DATASET

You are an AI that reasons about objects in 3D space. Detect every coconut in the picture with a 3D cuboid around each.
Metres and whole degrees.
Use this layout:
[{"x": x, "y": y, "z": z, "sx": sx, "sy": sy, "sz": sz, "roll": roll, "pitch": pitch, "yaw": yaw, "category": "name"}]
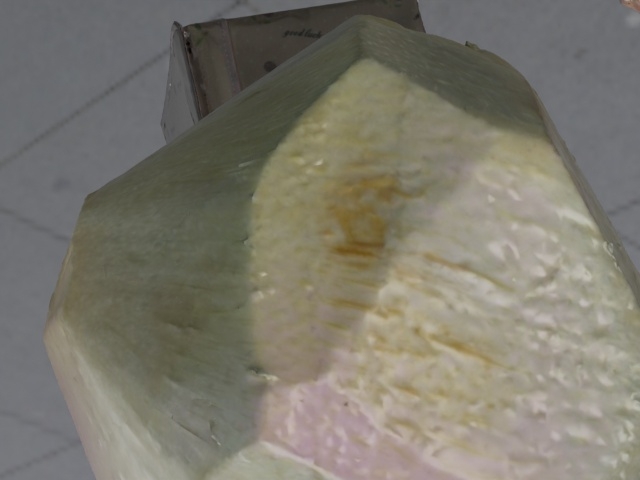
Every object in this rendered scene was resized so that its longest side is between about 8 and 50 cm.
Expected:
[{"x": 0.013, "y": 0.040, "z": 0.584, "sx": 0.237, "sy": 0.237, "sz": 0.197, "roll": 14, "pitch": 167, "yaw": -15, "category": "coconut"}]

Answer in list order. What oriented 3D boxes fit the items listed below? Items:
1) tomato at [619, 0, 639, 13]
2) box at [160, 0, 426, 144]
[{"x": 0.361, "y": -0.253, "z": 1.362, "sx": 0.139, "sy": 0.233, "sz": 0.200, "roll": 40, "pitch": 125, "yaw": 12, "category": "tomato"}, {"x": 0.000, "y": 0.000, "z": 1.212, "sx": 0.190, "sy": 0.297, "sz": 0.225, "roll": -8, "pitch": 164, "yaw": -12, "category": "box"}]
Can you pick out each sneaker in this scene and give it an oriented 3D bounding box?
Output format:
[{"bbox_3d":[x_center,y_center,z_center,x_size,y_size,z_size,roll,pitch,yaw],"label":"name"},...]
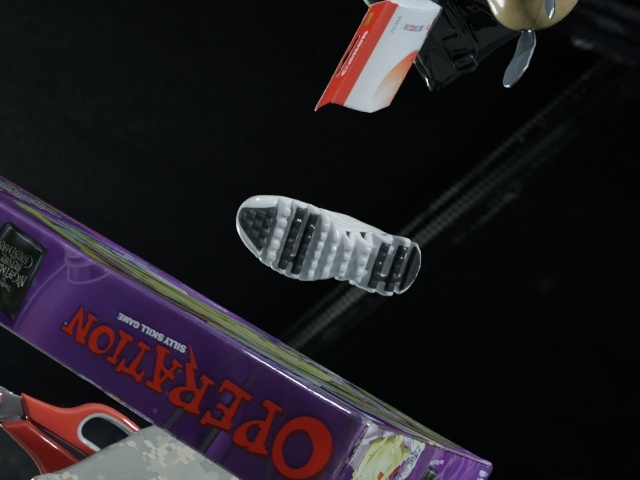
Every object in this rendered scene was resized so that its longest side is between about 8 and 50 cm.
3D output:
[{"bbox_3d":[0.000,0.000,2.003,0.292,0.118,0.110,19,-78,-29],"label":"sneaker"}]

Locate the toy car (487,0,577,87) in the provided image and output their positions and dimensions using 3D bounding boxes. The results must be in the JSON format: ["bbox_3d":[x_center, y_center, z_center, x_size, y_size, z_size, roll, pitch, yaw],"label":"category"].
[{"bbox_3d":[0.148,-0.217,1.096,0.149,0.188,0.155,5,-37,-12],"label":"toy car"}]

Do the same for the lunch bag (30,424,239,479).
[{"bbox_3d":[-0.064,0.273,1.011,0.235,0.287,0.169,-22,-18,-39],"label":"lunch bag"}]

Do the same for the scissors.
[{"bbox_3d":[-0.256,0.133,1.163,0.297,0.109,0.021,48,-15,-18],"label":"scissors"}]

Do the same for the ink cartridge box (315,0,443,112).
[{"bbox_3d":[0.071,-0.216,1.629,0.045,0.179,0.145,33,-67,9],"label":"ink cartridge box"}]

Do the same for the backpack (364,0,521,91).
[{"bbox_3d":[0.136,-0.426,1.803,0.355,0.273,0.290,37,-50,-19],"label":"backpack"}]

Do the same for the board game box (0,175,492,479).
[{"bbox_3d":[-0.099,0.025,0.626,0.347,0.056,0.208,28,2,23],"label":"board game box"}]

--

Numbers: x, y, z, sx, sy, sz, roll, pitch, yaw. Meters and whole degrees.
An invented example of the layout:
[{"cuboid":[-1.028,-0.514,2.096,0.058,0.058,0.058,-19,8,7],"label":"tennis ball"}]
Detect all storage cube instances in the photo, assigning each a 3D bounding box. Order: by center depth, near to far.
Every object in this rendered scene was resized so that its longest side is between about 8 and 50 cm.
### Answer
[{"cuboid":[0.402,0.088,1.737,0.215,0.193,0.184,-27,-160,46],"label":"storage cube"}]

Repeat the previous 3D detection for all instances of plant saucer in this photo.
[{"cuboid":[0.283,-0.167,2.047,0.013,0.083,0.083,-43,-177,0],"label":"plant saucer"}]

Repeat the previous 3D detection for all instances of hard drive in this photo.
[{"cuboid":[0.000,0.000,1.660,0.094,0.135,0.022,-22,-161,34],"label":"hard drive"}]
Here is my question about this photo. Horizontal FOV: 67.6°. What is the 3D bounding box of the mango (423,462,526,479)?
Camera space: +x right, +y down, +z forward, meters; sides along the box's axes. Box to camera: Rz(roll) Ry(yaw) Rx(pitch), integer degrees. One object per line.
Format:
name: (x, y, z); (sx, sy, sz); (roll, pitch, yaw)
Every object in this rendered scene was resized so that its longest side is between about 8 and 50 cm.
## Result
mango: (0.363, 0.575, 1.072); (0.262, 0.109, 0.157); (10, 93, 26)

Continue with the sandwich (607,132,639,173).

...

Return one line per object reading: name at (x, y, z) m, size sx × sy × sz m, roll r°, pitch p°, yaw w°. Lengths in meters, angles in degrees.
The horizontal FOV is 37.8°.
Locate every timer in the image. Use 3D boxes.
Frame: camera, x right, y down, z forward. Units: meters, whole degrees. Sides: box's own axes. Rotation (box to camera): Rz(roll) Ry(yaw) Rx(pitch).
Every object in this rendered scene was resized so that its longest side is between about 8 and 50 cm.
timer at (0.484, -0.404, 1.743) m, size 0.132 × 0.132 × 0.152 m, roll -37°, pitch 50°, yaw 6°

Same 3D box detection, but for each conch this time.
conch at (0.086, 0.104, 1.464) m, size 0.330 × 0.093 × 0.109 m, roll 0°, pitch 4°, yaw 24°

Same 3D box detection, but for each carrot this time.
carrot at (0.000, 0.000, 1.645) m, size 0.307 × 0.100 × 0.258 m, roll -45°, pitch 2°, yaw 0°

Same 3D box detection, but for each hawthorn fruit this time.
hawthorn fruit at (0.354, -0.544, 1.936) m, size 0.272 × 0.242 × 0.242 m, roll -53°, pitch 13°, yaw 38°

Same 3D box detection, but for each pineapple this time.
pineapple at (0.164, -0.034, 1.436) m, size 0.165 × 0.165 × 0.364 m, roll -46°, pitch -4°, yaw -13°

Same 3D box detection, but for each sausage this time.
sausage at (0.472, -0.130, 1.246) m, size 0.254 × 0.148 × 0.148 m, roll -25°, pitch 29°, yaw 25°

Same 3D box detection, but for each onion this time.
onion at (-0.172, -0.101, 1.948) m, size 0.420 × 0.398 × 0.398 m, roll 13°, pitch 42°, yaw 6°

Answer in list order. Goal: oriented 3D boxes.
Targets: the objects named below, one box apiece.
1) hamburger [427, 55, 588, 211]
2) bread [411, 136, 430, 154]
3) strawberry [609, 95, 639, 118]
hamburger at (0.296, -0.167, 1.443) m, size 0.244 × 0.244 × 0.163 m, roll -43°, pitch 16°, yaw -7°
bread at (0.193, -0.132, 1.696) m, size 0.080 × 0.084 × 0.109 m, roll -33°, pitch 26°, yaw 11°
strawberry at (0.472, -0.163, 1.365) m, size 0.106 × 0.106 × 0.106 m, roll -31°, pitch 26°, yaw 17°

ASSIGNMENT
In the data above, each line holding "with" is to be found and copied.

EXERCISE RESULT
You are an AI that reasons about objects in 3D space. Detect every coconut in the picture with a 3D cuboid around each.
Continue with the sandwich (607,132,639,173).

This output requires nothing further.